If your taking the money out from you TSP for the purpose of buying your first home and you plan to occupy the property, you should be able to do so without incurring any penalties. 401(k)s and 403(b)s generally allow for this (check with your plan first). In this case, I find no fault with tapping this resource.

However, if your planning on withdrawing the money to purchase an investment property, there may be a significant penalty and tax consequence. Thereby, making it very expensive capital to use. If that is the case, I would highly recommend you reconsider. The high cost of using those funds may negate the returns you achieve in your real estate investment. I would try to find an alternative source of funding for your investment.

Start working with a lender and find out what their requirements are for obtaining a mortgage. You may find you don't need as large of a downpayment as you think. If you can't qualify right now with the amount you have available to for a downpayment (without taping your retirement funds), a good mortgage lender can at least provide you with a roadmap to get where you want to go. And that's what you need - a gameplan!


I used half cash and half 0% interest credit card for the remodel. I have 15months to pay it off, so I've budgeted about $800 monthly toward it to knock it out. This is all based on my subjective experience and intuition, but the biggest questions I asked myself in deciding how wise it was to take on more debt when I already have debt were:

1). Is taking on additional debt going to help me achieve my long-term financial goals sooner?

2). Do I have enough monthly cash flow and cash reserves to comfortably (i.e. without too much worry or stress) take on the new debt?
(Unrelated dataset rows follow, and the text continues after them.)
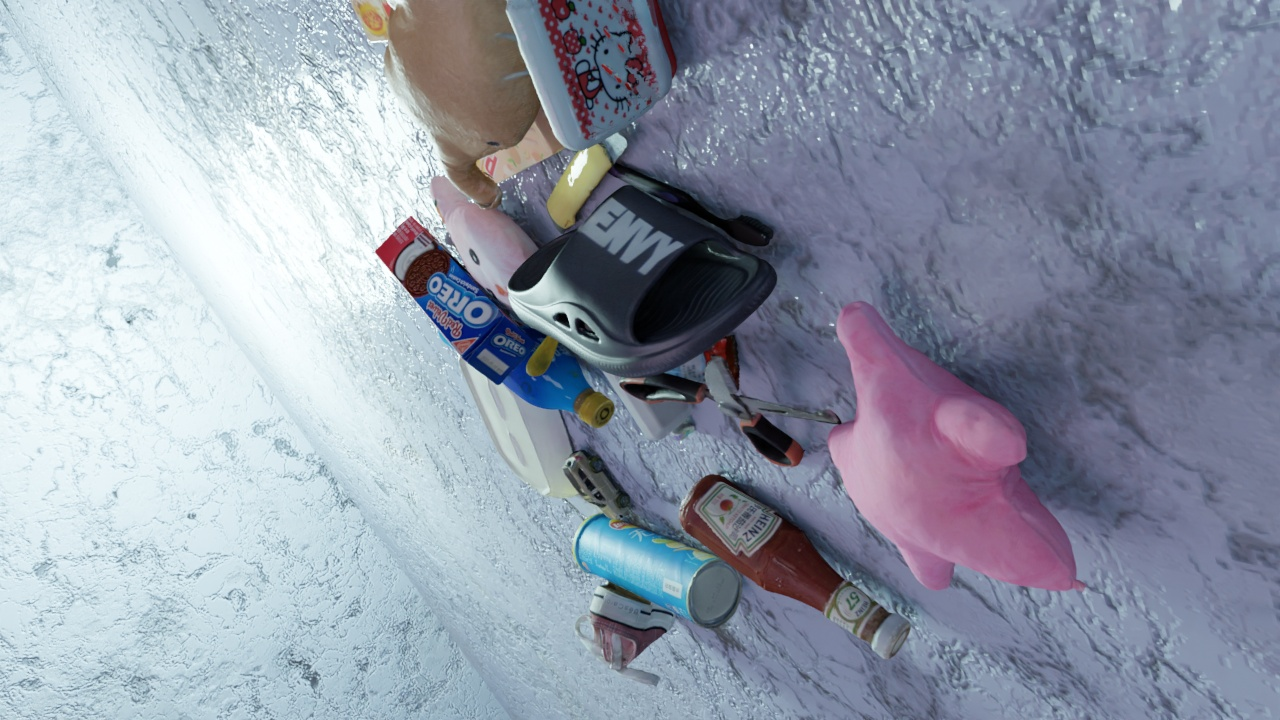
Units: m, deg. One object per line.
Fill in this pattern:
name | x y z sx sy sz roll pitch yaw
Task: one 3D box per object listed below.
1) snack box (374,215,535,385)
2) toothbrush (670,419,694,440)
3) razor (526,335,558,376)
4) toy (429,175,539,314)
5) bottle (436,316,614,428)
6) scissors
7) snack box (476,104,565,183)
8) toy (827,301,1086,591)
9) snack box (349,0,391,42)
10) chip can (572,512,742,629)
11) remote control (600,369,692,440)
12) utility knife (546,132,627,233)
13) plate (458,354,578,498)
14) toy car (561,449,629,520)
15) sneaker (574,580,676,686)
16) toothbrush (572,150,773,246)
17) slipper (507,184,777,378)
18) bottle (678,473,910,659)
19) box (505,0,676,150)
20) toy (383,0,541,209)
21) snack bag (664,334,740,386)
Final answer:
snack box | -0.179 -0.060 0.870 0.207 0.057 0.058 44 178 39
toothbrush | -0.027 0.011 0.821 0.189 0.029 0.020 38 109 27
razor | -0.074 -0.022 0.787 0.043 0.028 0.133 22 137 -13
toy | -0.133 -0.098 0.811 0.159 0.054 0.121 41 162 33
bottle | -0.111 0.001 0.888 0.219 0.065 0.065 33 149 33
scissors | 0.055 0.030 0.620 0.189 0.015 0.225 20 166 26
snack box | -0.111 -0.181 0.695 0.157 0.026 0.084 -4 120 59
toy | 0.170 0.071 0.519 0.178 0.074 0.195 47 160 35
snack box | -0.172 -0.275 0.670 0.153 0.025 0.075 19 140 47
chip can | 0.013 0.217 0.969 0.211 0.071 0.071 7 131 54
remote control | -0.004 0.004 0.743 0.125 0.048 0.024 56 152 -13
utility knife | -0.043 -0.127 0.658 0.031 0.019 0.179 50 164 -4
plate | -0.145 0.067 1.064 0.162 0.034 0.266 29 147 37
toy car | -0.048 0.139 1.005 0.090 0.035 0.042 52 155 -8
sneaker | -0.018 0.306 1.036 0.118 0.087 0.241 19 169 12
toothbrush | 0.016 -0.112 0.603 0.189 0.016 0.014 33 142 38
slipper | -0.027 -0.062 0.613 0.268 0.110 0.083 18 149 55
bottle | 0.122 0.166 0.744 0.206 0.059 0.060 32 149 33
box | -0.056 -0.219 0.477 0.095 0.100 0.201 19 139 47
toy | -0.115 -0.193 0.584 0.143 0.082 0.226 25 134 43
snack bag | 0.028 0.001 0.683 0.105 0.026 0.045 6 115 40

In sum, I believed it would jump start my financial goals and I felt comfortable enough to take on both the new mortgage payment, new cc debt, and previous debt. FHA guidelines somewhat prevents you from making a horrible mistake, so assuming the home passes the appraisal and you qualify for a loan you can at least rest in knowing you should be okay financially. Again, Dave Ramsey would hate my thinking but whatever.